Now can we please stop the discussion of why the IETF has to kill SSL3?

You do not get better security by deploying stronger crypto. You only
get better security by stopping using insecure crypto.

Keeping the SSL2 code paths in OpenSSL was a MISTAKE.They should be
excised with great prejudice and the code thrown into the hottest bit
furnaces of mount Mordor. AQnd the SSL3 code paths should follow them.

Maintaining legacy support for obsolete crypto positively harms good
crypto implementations. I don't want to see the code in the
distribution at all. Nor do I want to see support for the kitchen sink
of 40 obsolete crypto algorithms.

Killing off obsolete and broken crypto is actually more important than
developing the new stuff.

If people can't figure out how to find an email provider who can
support standards that have been published for over ten years now then
I have to wonder what value they provide to a standards organization.

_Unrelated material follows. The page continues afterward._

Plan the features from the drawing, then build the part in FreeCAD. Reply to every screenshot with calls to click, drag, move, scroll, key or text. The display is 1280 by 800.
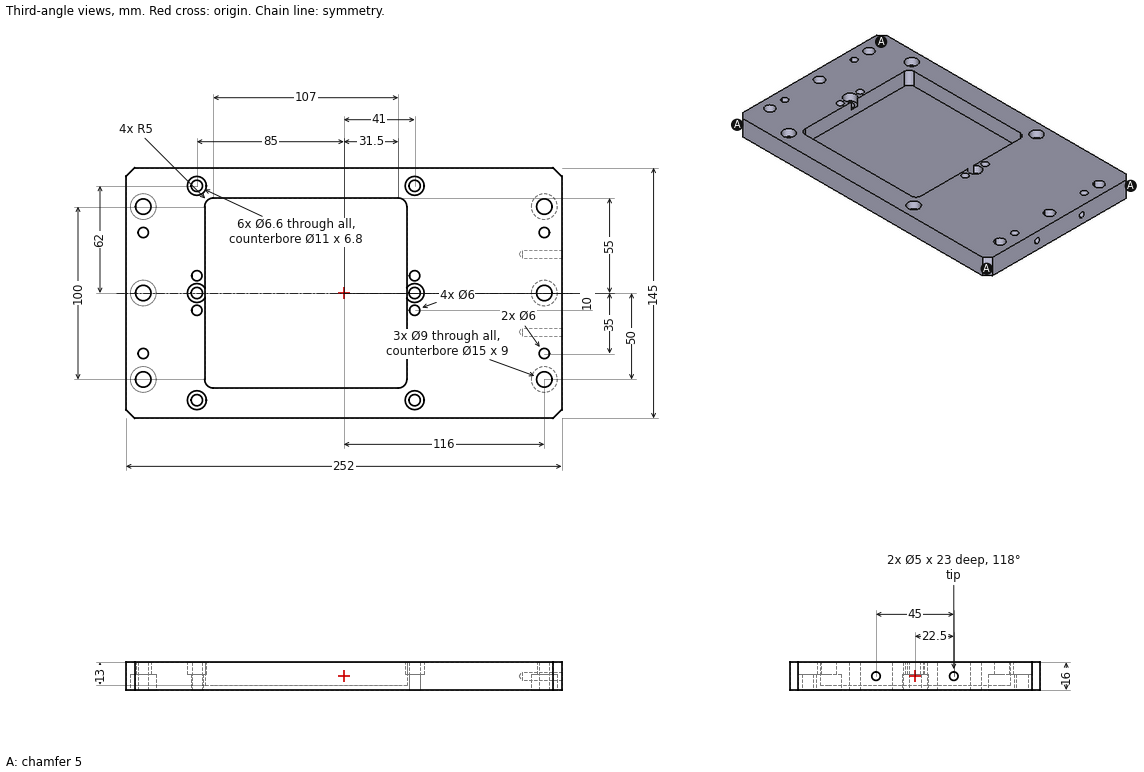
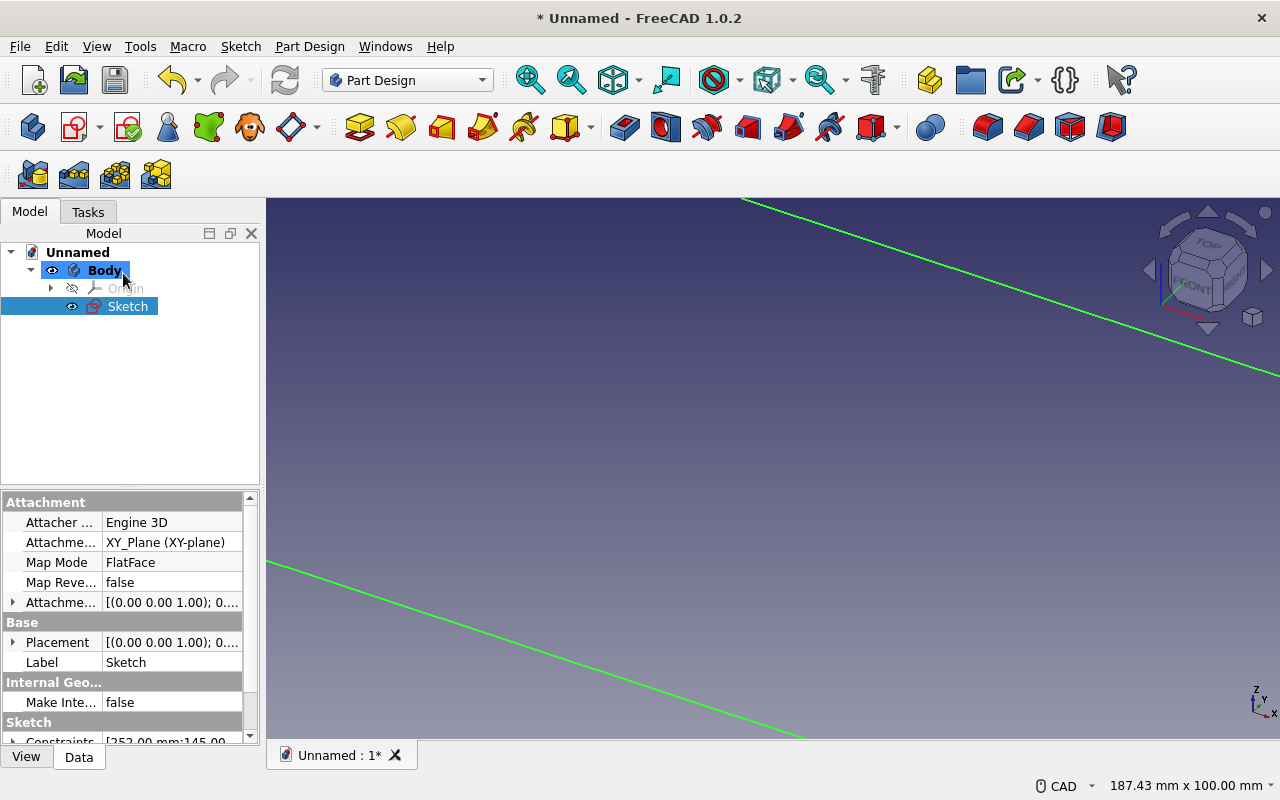
click(360, 128)
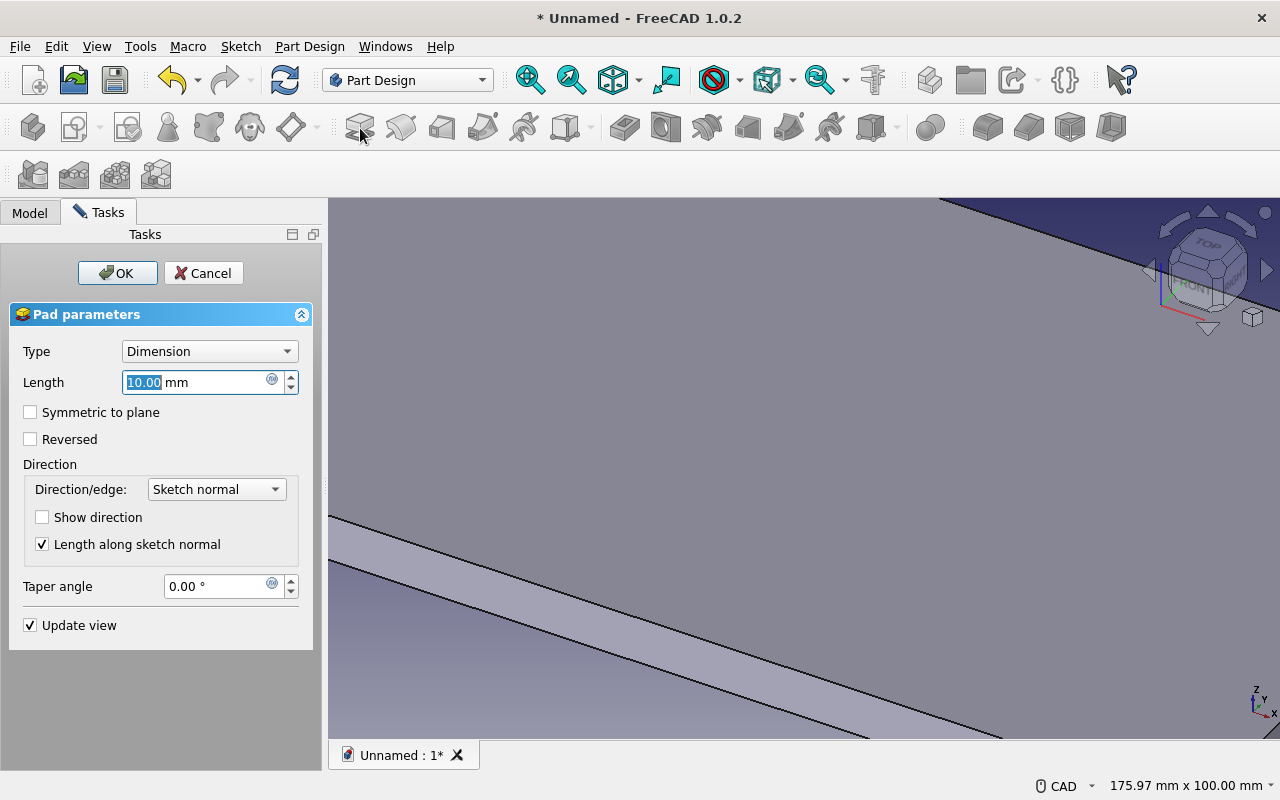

One of the big problems at CERN was the attachment to obsolete FORTRAN
code bases even when it was known that they were absolutely riddled
with bugs. Throwing away the old crappy systems might seem a waste but
code and specifications do wear out. Support for legacy systems and
corner cases accumulate over time like barnacles on a sailing ship. If
you don't beech the ship from time to time and scrape off the
accumulated dreck, the ship gets slower and slower and eventually it
will sink.

OpenSSL has drowned because they didn't scrape off the barnacles. Lets
stop arguing over whether it is time to kill SSL3.